4. The right to medical care: Trump’s relentless attacks on the Affordable Care Act
and refusal to address the opioid crisis have
left millions without healthcare. Universal
healthcare isn’t a luxury - it’s a moral
imperative.
5. The right to economic security: With Trump targeting Social Security and Medicare,
millions of Americans face uncertainty. We
must protect the social safety net and expand
protections for the most vulnerable.
6. The right to a good education: Trump’s war on public education - through voucher
programs and funding cuts - is a direct attack
on future generations. Democrats must demand
universal access to quality education from
early childhood through college.
FDR’s words echo loudly now: “We cannot be content, no matter
how high that general standard of living may
be, if some fraction of our people - whether
it be one-third or one-fifth or one-tenth -
is ill-fed, ill-clothed, ill-housed, and
insecure.” These rights aren’t radical; they’re foundational to a
functioning democracy.
The stakes couldn’t be higher.

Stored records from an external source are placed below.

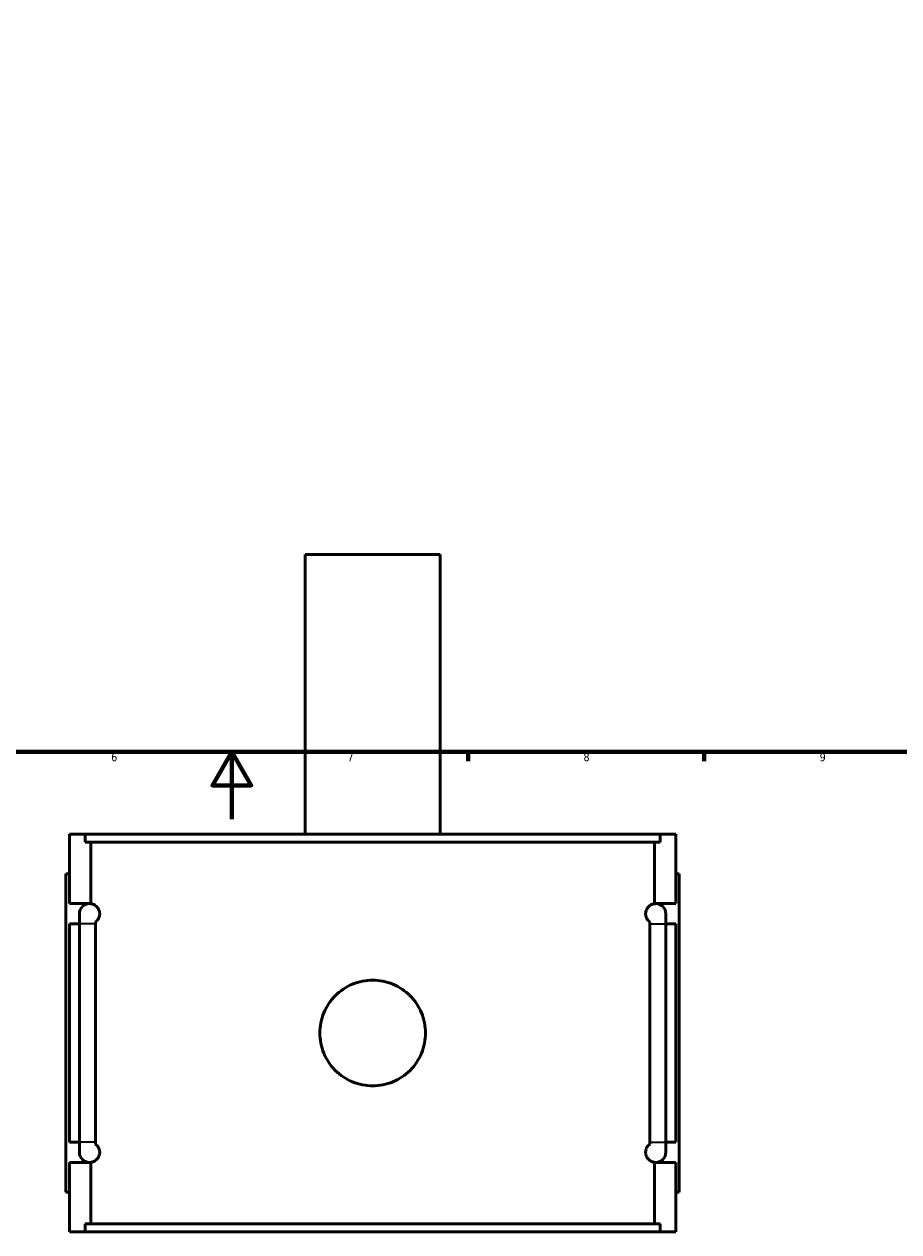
# Model space of a CAD drawing. Header units: millimetres. Extents: x -260 to 981, y -122 to 1168.
# Tile 4 of 9: x 359 to 618, y -122 to 236. Entities that reach past the tile are written whole.
import ezdxf

# ---------------------------------------------------------------- set-up
doc = ezdxf.new("R2010")
doc.units = ezdxf.units.MM
for name, color, linetype, lineweight in [('Border (ANSI)', 7, 'Continuous', 70), ('Visible (ANSI)', 7, 'Continuous', 50), ('Visible Narrow (ANSI)', 7, 'Continuous', 35)]:
    doc.layers.add(name, color=color, linetype=linetype, lineweight=lineweight)
doc.styles.add('Note Text (ANSI)', font='tahoma.ttf')

# ---------------------------------------------------------------- blocks, each defined once
blk = doc.blocks.new('Borders Default Border')
at = {"layer": 'Border (ANSI)'}
for p, q in [((490.58, 20), (490.58, 17.2)), ((560.67, 20), (560.67, 17.2))]:
    blk.add_line(p, q, dxfattribs=at)
at = {"layer": 'Border (ANSI)', "flags": 128}
for points in [[(20, 20), (20, 574), (821, 574), (821, 20), (20, 20)], [(420.5, 0), (420.5, 20), (414.73, 10), (426.27, 10), (420.5, 20)]]:
    blk.add_lwpolyline(points, dxfattribs=at)
at = {"layer": 'Border (ANSI)', "color": 5, "true_color": 0x0000ff, "char_height": 2.4, "attachment_point": 7, "style": 'Note Text (ANSI)'}
for s, insert in [('6', (384.69, 17.15)), ('7', (454.8, 17.2)), ('8', (524.84, 17.15)), ('9', (594.92, 17.15))]:
    blk.add_mtext(s, dxfattribs=dict(at, insert=insert))

msp = doc.modelspace()

# ---------------------------------------------------------------- linework, layer by layer
at = {"layer": 'Visible (ANSI)'}
for p, q in [((482.27, 78.53), (442.27, 78.53)), ((442.27, -4.47), (442.27, 78.53)), ((482.27, -4.47), (482.27, 78.53)), ((372.27, -25.07), (372.27, -4.47)), ((372.27, -4.47), (376.94, -4.47)), ((547.61, -4.47), (376.94, -4.47)), ((376.94, -6.83), (376.94, -4.47)), ((376.94, -6.83), (547.61, -6.83)), ((378.69, -25.1), (378.69, -6.83)), ((545.86, -25.1), (545.86, -6.83)), ((547.61, -4.47), (552.27, -4.47)), ((547.61, -4.47), (547.61, -6.83)), ((552.27, -25.07), (552.27, -4.47)), ((372.27, -16.27), (371.27, -16.27)), ((371.27, -110.67), (371.27, -16.27)), ((552.27, -16.27), (553.27, -16.27)), ((553.27, -110.67), (553.27, -16.27)), ((372.27, -25.07), (378.27, -25.07)), ((546.27, -25.07), (552.27, -25.07)), ((375.27, -28.07), (375.27, -31.07)), ((549.27, -31.07), (549.27, -28.07)), ((372.27, -95.87), (372.27, -31.07)), ((375.27, -31.07), (372.27, -31.07)), ((375.27, -95.87), (375.27, -31.07)), ((380.01, -31.07), (380.01, -95.87)), ((544.53, -95.87), (544.53, -31.07)), ((549.27, -31.07), (549.27, -95.87)), ((552.27, -31.07), (549.27, -31.07)), ((552.27, -95.87), (552.27, -31.07)), ((372.27, -95.87), (375.27, -95.87)), ((375.27, -95.87), (375.27, -98.87)), ((549.27, -98.87), (549.27, -95.87)), ((549.27, -95.87), (552.27, -95.87)), ((372.27, -122.47), (372.27, -101.87)), ((378.27, -101.87), (372.27, -101.87)), ((378.69, -120.11), (378.69, -101.84)), ((545.86, -120.11), (545.86, -101.84)), ((552.27, -101.87), (546.27, -101.87)), ((552.27, -122.47), (552.27, -101.87)), ((371.27, -110.67), (372.27, -110.67)), ((553.27, -110.67), (552.27, -110.67)), ((376.94, -120.11), (547.61, -120.11)), ((376.94, -122.47), (376.94, -120.11)), ((547.61, -120.11), (547.61, -122.47)), ((376.94, -122.47), (372.27, -122.47)), ((547.61, -122.47), (376.94, -122.47)), ((552.27, -122.47), (547.61, -122.47))]:
    msp.add_line(p, q, dxfattribs=at)
for centre, start, end in [((378.27, -28.07), 90, 180), ((378.27, -28.07), 82.1014, 90), ((546.27, -28.07), 90, 97.8986), ((546.27, -28.07), 0, 90), ((378.27, -98.87), 180, 270), ((546.27, -98.87), 270, 0), ((378.27, -98.87), 270, 277.8986), ((546.27, -98.87), 262.1014, 270)]:
    msp.add_arc(centre, 3, start, end, dxfattribs=at)
for points, knots in [([(378.69, -25.1), (378.8, -25.12), (378.92, -25.14), (379.34, -25.25), (379.65, -25.38), (380.14, -25.72), (380.34, -25.87), (380.72, -26.31), (380.91, -26.58), (381.12, -27.11), (381.17, -27.28), (381.23, -27.56), (381.25, -27.65), (381.27, -27.86), (381.27, -27.96), (381.27, -28.18), (381.27, -28.28), (381.25, -28.49), (381.23, -28.59), (381.17, -28.87), (381.12, -29.03), (380.91, -29.56), (380.72, -29.83), (380.35, -30.25), (380.17, -30.41), (380.01, -30.52)], [0.947061, 0.947061, 0.947061, 0.947061, 1.103586, 1.103586, 1.471449, 1.471449, 1.665244, 1.665244, 1.859039, 1.859039, 1.922937, 1.922937, 1.954886, 1.954886, 1.986835, 1.986835, 2.018784, 2.018784, 2.050733, 2.050733, 2.11463, 2.11463, 2.308426, 2.308426, 2.490119, 2.490119, 2.490119, 2.490119]), ([(544.54, -30.52), (544.38, -30.41), (544.2, -30.25), (543.83, -29.83), (543.63, -29.56), (543.43, -29.03), (543.37, -28.87), (543.32, -28.59), (543.3, -28.49), (543.28, -28.28), (543.27, -28.18), (543.27, -27.96), (543.28, -27.86), (543.3, -27.65), (543.32, -27.56), (543.37, -27.28), (543.43, -27.11), (543.63, -26.58), (543.83, -26.31), (544.21, -25.87), (544.4, -25.72), (544.89, -25.38), (545.21, -25.25), (545.62, -25.14), (545.75, -25.12), (545.86, -25.1)], [1.483149, 1.483149, 1.483149, 1.483149, 1.664879, 1.664879, 1.858649, 1.858649, 1.922542, 1.922542, 1.954489, 1.954489, 1.986436, 1.986436, 2.018382, 2.018382, 2.050329, 2.050329, 2.114222, 2.114222, 2.307992, 2.307992, 2.501762, 2.501762, 2.869539, 2.869539, 3.026203, 3.026203, 3.026203, 3.026203]), ([(477.95, -63.47), (477.95, -64.46), (477.86, -65.48), (477.46, -67.51), (477.16, -68.51), (476.36, -70.44), (475.86, -71.37), (474.71, -73.08), (474.06, -73.86), (472.67, -75.25), (471.88, -75.91), (470.17, -77.06), (469.25, -77.55), (467.31, -78.36), (466.31, -78.66), (464.28, -79.06), (463.26, -79.15), (461.29, -79.15), (460.27, -79.06), (458.24, -78.66), (457.23, -78.36), (455.3, -77.55), (454.38, -77.06), (452.67, -75.91), (451.88, -75.25), (450.49, -73.86), (449.84, -73.08), (448.69, -71.37), (448.19, -70.44), (447.39, -68.51), (447.09, -67.51), (446.69, -65.48), (446.59, -64.46), (446.59, -62.48), (446.69, -61.46), (447.09, -59.44), (447.39, -58.43), (448.19, -56.5), (448.69, -55.57), (449.84, -53.86), (450.49, -53.08), (451.88, -51.69), (452.67, -51.04), (454.38, -49.89), (455.3, -49.39), (457.23, -48.59), (458.24, -48.28), (460.27, -47.89), (461.29, -47.79), (463.26, -47.79), (464.28, -47.89), (466.31, -48.28), (467.31, -48.59), (469.25, -49.39), (470.17, -49.89), (471.88, -51.04), (472.67, -51.69), (474.06, -53.08), (474.71, -53.86), (475.86, -55.57), (476.36, -56.5), (477.16, -58.43), (477.46, -59.44), (477.86, -61.46), (477.95, -62.48), (477.95, -63.47)], [0, 0, 0, 0, 0.296051, 0.296051, 0.592103, 0.592103, 0.888154, 0.888154, 1.184206, 1.184206, 1.480246, 1.480246, 1.776285, 1.776285, 2.072325, 2.072325, 2.368365, 2.368365, 2.664404, 2.664404, 2.960444, 2.960444, 3.256484, 3.256484, 3.552524, 3.552524, 3.848575, 3.848575, 4.144627, 4.144627, 4.440678, 4.440678, 4.736729, 4.736729, 5.032781, 5.032781, 5.328832, 5.328832, 5.624884, 5.624884, 5.920935, 5.920935, 6.216975, 6.216975, 6.513015, 6.513015, 6.809054, 6.809054, 7.105094, 7.105094, 7.401134, 7.401134, 7.697174, 7.697174, 7.993213, 7.993213, 8.289253, 8.289253, 8.585305, 8.585305, 8.881356, 8.881356, 9.177407, 9.177407, 9.473459, 9.473459, 9.473459, 9.473459]), ([(380.01, -96.42), (380.17, -96.54), (380.35, -96.69), (380.72, -97.11), (380.91, -97.38), (381.12, -97.91), (381.17, -98.08), (381.23, -98.36), (381.25, -98.45), (381.27, -98.66), (381.27, -98.76), (381.27, -98.98), (381.27, -99.08), (381.25, -99.29), (381.23, -99.39), (381.17, -99.67), (381.12, -99.83), (380.91, -100.36), (380.72, -100.63), (380.34, -101.07), (380.14, -101.23), (379.65, -101.56), (379.34, -101.69), (378.92, -101.8), (378.8, -101.83), (378.69, -101.84)], [1.48355, 1.48355, 1.48355, 1.48355, 1.665244, 1.665244, 1.859039, 1.859039, 1.922937, 1.922937, 1.954886, 1.954886, 1.986835, 1.986835, 2.018784, 2.018784, 2.050733, 2.050733, 2.11463, 2.11463, 2.308426, 2.308426, 2.502221, 2.502221, 2.870083, 2.870083, 3.026609, 3.026609, 3.026609, 3.026609]), ([(545.86, -101.84), (545.75, -101.83), (545.62, -101.8), (545.21, -101.69), (544.89, -101.56), (544.4, -101.23), (544.21, -101.07), (543.83, -100.63), (543.63, -100.36), (543.43, -99.83), (543.37, -99.67), (543.32, -99.39), (543.3, -99.29), (543.28, -99.08), (543.27, -98.98), (543.27, -98.76), (543.28, -98.66), (543.3, -98.45), (543.32, -98.36), (543.37, -98.08), (543.43, -97.91), (543.63, -97.38), (543.83, -97.11), (544.2, -96.69), (544.38, -96.54), (544.54, -96.42)], [0.946669, 0.946669, 0.946669, 0.946669, 1.103332, 1.103332, 1.471109, 1.471109, 1.664879, 1.664879, 1.858649, 1.858649, 1.922542, 1.922542, 1.954489, 1.954489, 1.986436, 1.986436, 2.018382, 2.018382, 2.050329, 2.050329, 2.114222, 2.114222, 2.307992, 2.307992, 2.489722, 2.489722, 2.489722, 2.489722])]:
    msp.add_open_spline(points, degree=3, knots=knots, dxfattribs=at)
for points in [[(380.01, -30.52), (380.01, -30.7), (380.01, -30.89), (380.01, -31.07)], [(544.53, -31.07), (544.53, -30.89), (544.54, -30.7), (544.54, -30.52)], [(380.01, -95.87), (380.01, -96.06), (380.01, -96.24), (380.01, -96.42)], [(544.54, -96.42), (544.54, -96.24), (544.53, -96.06), (544.53, -95.87)]]:
    msp.add_open_spline(points, degree=3, dxfattribs=at)
at = {"layer": 'Visible Narrow (ANSI)'}
for p, q in [((379.74, -31.07), (375.29, -31.07)), ((544.81, -31.07), (549.26, -31.07)), ((379.74, -95.87), (375.29, -95.87)), ((544.81, -95.87), (549.26, -95.87))]:
    msp.add_line(p, q, dxfattribs=at)

# ---------------------------------------------------------------- block references
msp.add_blockref('Borders Default Border', (0, 0))

doc.saveas('drawing.dxf')

Trump’s America is a
dystopia in the making, and the clock is
ticking. If we fail to rise to this moment,
history will not remember us as the party of resistance but as the party of irrelevance. Let this be the moment we rise - not as fractured
idealists, but as a united force ready to
reclaim the legitimate promise of liberty,
justice, freedom and equality. The core
elements of a civilization all human beings
crave. The time for lofty debates is over.
It’s time to fight - to save democracy, to
save the planet, and to save ourselves.